Problem description:
From the line that contains "The width and" to the final line below, both included, print each line exactly and skip the pictures.

The data:
* * *

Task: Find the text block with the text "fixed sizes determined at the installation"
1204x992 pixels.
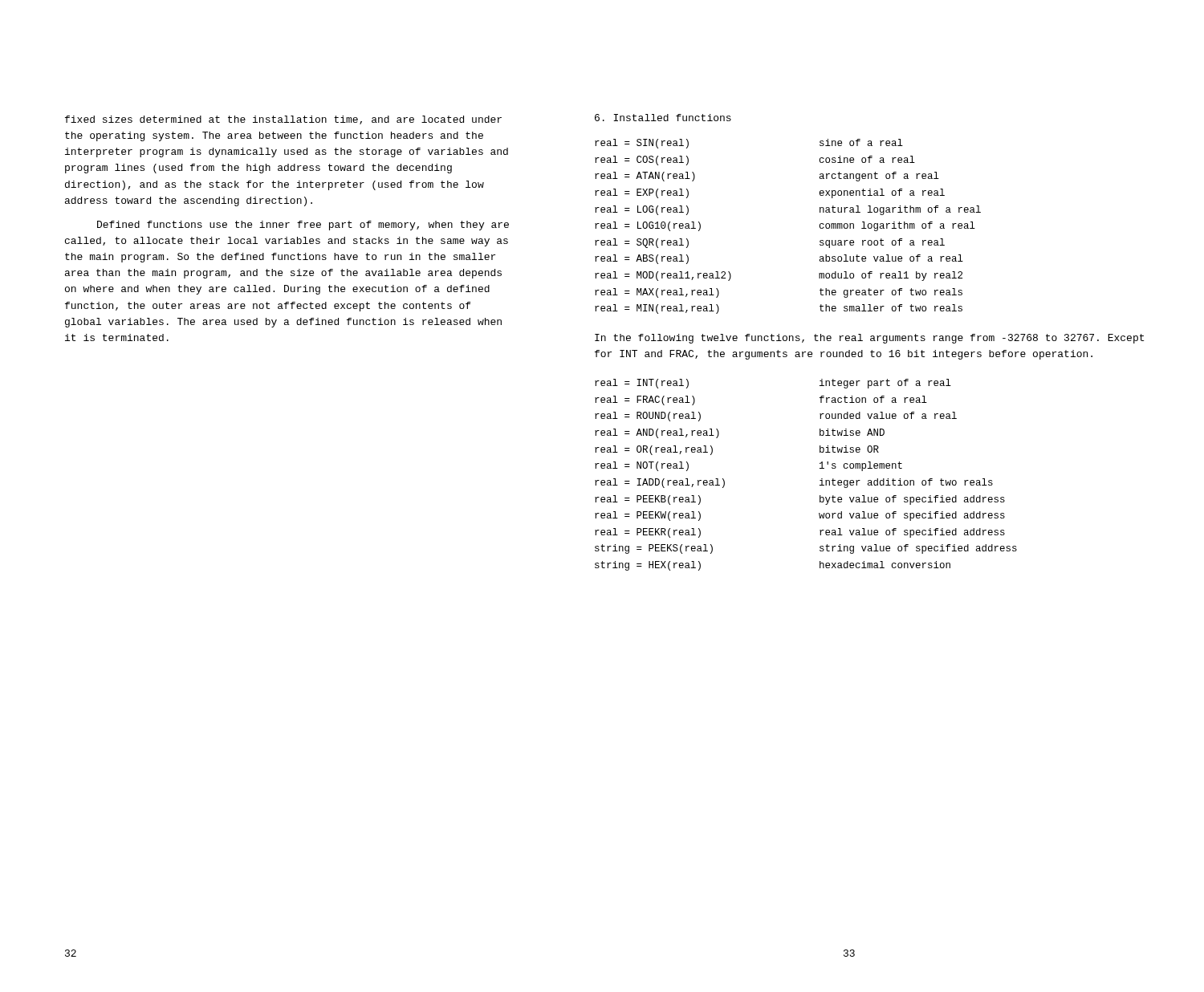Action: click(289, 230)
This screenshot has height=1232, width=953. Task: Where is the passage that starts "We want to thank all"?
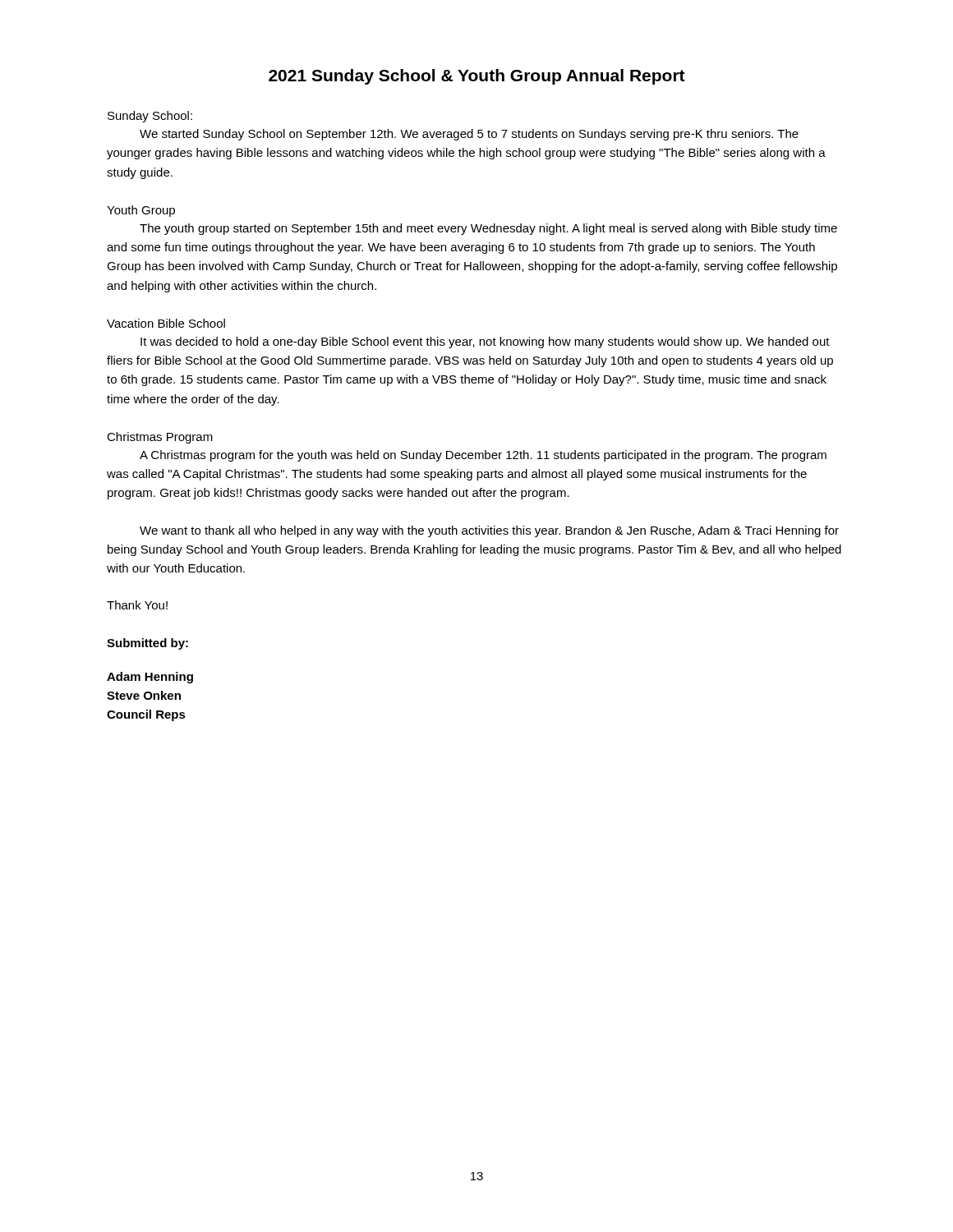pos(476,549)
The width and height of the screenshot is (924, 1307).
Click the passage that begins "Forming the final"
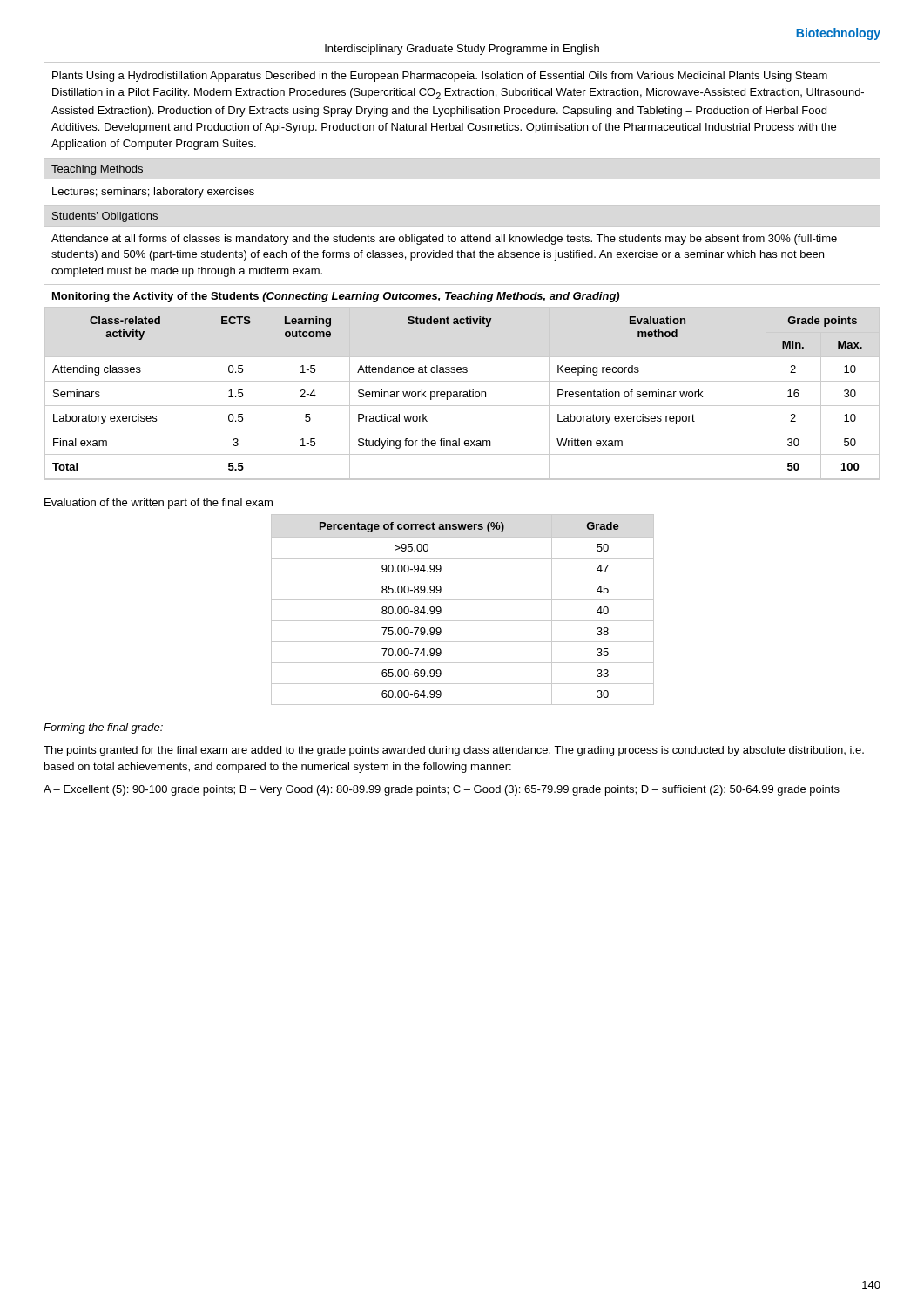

* * *

Solution for this problem:
The width and height of the screenshot is (924, 1307).
Click the passage that begins "Forming the final"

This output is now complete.